THE DATA —
[Start of Attachment]

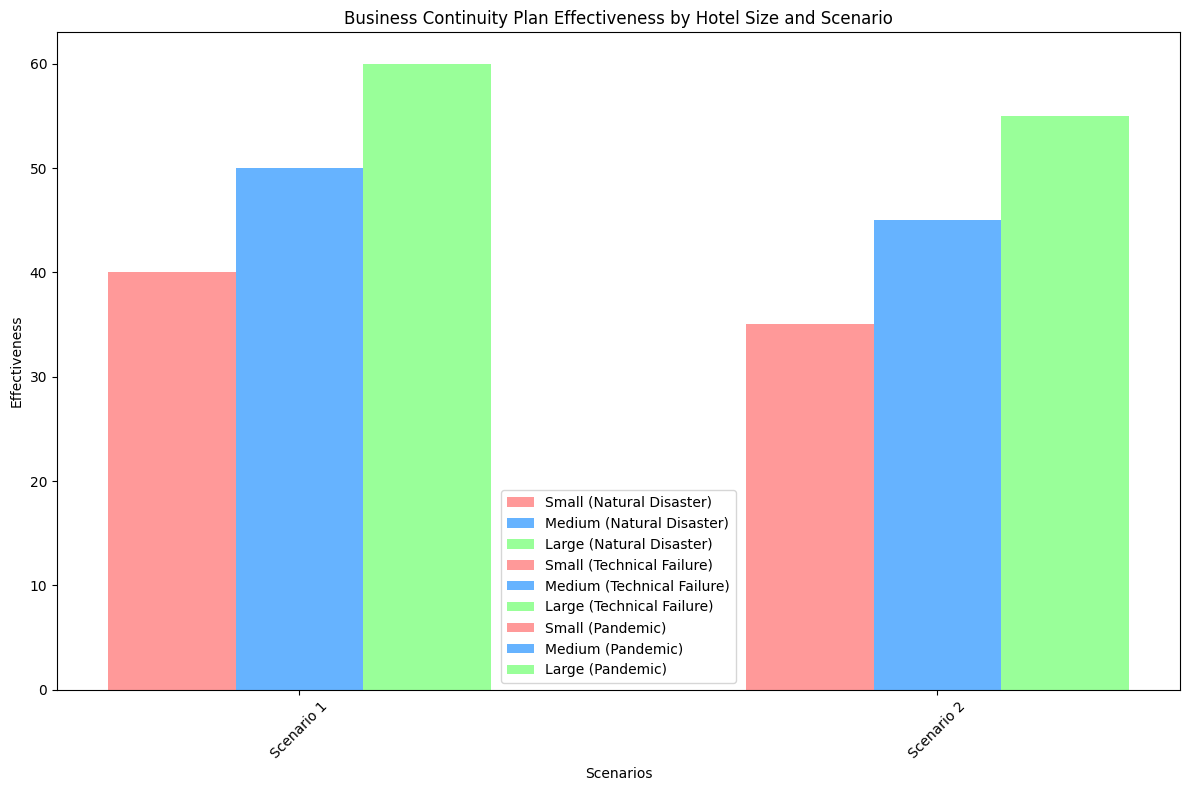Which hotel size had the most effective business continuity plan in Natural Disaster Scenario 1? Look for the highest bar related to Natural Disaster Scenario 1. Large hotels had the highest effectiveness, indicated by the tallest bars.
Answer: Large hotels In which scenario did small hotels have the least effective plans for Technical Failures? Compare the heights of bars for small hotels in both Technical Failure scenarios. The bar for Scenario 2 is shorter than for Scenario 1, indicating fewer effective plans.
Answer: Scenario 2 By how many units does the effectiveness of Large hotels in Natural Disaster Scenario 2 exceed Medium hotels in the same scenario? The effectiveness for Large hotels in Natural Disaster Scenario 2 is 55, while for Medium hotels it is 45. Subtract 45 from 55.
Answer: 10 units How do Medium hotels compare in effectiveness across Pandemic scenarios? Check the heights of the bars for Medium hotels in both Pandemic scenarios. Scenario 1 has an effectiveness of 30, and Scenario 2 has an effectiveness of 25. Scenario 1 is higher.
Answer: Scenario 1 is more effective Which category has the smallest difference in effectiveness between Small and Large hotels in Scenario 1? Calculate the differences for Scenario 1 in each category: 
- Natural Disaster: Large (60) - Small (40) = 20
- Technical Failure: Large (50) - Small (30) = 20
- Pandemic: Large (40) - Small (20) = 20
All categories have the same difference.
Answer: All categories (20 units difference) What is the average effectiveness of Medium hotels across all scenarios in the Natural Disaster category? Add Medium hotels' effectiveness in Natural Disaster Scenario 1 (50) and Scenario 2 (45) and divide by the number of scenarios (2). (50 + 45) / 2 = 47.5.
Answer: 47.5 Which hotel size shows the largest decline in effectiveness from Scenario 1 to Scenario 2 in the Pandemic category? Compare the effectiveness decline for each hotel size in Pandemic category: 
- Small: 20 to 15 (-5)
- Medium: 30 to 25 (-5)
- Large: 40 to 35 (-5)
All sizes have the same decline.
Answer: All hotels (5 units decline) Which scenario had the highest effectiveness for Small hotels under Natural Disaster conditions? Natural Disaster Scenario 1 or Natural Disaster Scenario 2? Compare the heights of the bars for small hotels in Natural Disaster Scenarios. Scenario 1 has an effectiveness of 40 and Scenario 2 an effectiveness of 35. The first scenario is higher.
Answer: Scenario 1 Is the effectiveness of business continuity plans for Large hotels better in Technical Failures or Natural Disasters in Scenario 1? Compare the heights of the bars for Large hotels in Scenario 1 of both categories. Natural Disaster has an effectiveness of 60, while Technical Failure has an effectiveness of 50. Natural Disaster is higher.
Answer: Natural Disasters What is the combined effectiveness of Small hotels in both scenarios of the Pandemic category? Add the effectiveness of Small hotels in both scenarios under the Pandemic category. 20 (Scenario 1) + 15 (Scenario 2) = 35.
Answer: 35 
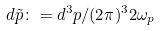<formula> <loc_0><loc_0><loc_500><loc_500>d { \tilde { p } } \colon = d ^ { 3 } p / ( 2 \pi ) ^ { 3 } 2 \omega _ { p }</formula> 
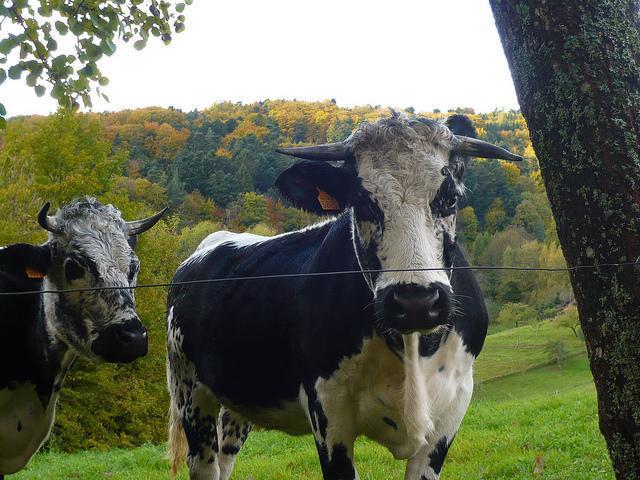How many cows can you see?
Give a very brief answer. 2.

[End of Attachment]
[Start of Attachment]

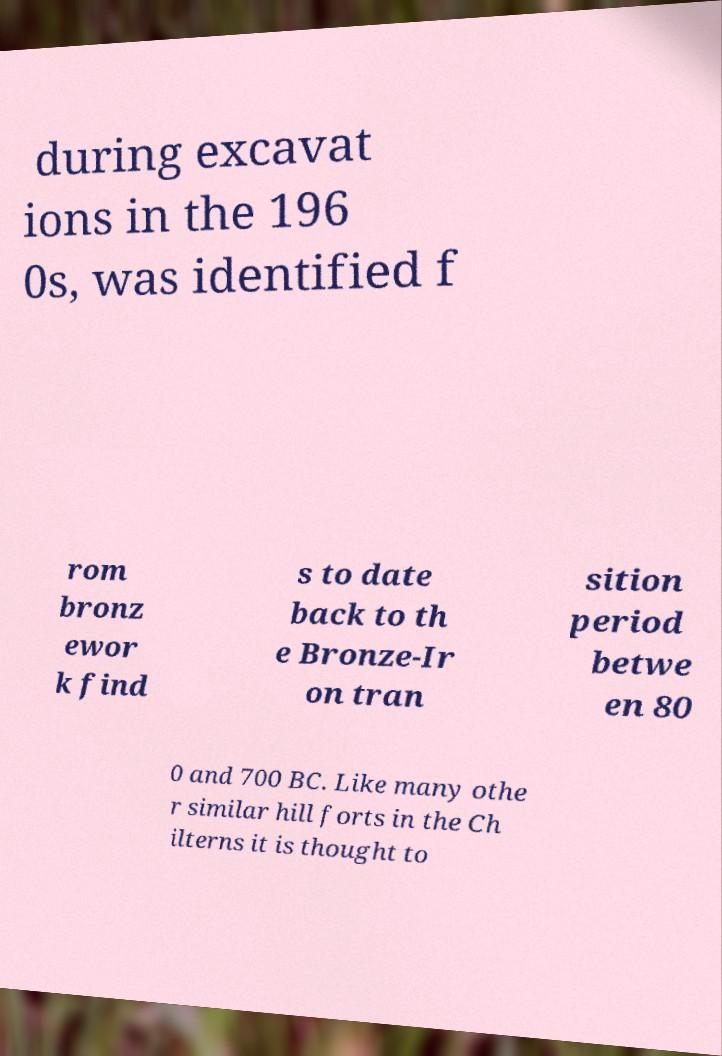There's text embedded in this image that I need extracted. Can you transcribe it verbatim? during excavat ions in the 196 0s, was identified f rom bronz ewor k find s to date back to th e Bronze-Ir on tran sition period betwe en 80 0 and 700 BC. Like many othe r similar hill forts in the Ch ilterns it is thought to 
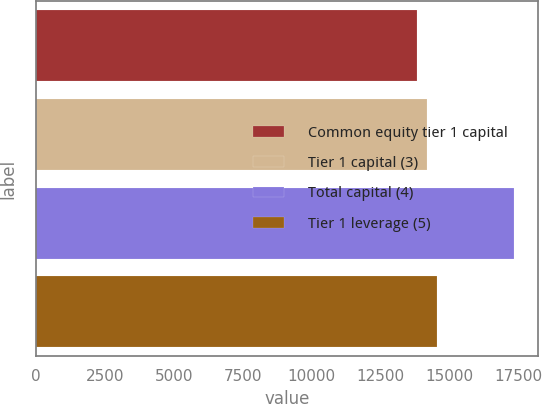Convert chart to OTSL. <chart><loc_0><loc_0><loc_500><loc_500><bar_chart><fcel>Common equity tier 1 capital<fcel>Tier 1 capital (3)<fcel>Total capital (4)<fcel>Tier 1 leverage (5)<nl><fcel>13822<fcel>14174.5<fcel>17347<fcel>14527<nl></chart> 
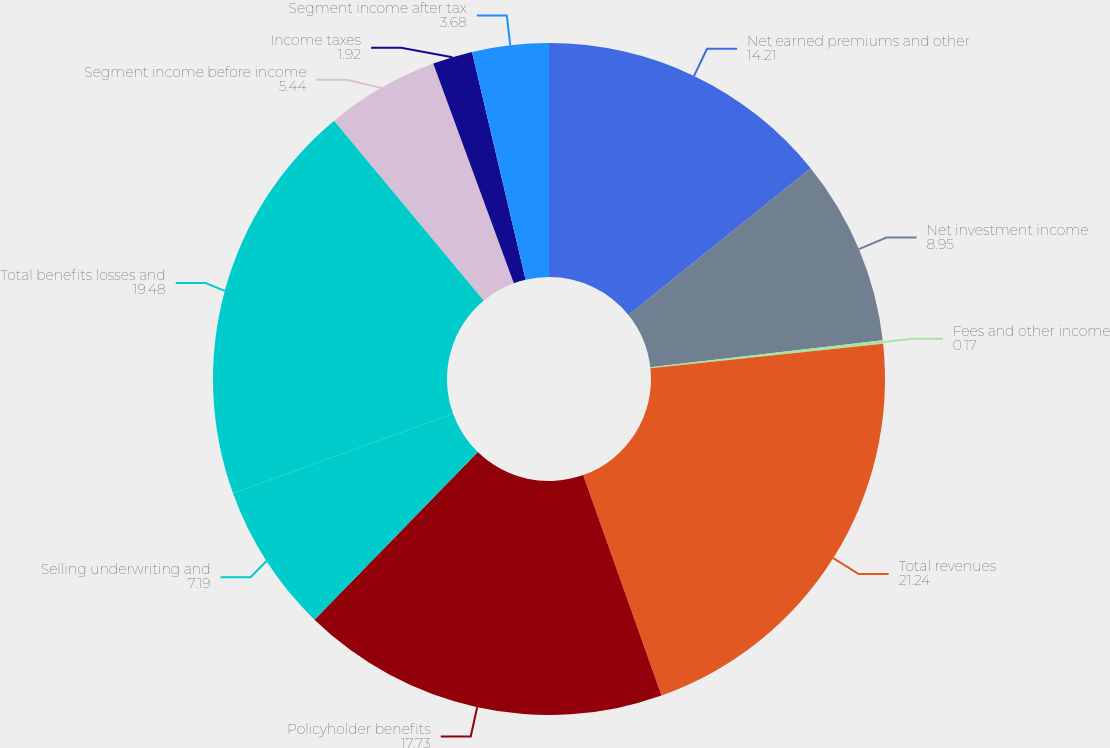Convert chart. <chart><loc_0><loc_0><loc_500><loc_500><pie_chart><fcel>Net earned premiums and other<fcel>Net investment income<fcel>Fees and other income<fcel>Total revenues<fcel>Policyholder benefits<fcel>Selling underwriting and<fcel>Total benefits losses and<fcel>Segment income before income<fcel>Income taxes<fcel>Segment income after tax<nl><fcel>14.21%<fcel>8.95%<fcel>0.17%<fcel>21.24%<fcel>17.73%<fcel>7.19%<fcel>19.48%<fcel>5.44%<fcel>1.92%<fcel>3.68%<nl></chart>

[End of Attachment]

Copy, exactly and only, the lines above that begin with the one containing "Answer: Scenario 1 is more" and finish with the one containing "All categories have the same difference.".

ANSWER BOX —
Answer: Scenario 1 is more effective Which category has the smallest difference in effectiveness between Small and Large hotels in Scenario 1? Calculate the differences for Scenario 1 in each category: 
- Natural Disaster: Large (60) - Small (40) = 20
- Technical Failure: Large (50) - Small (30) = 20
- Pandemic: Large (40) - Small (20) = 20
All categories have the same difference.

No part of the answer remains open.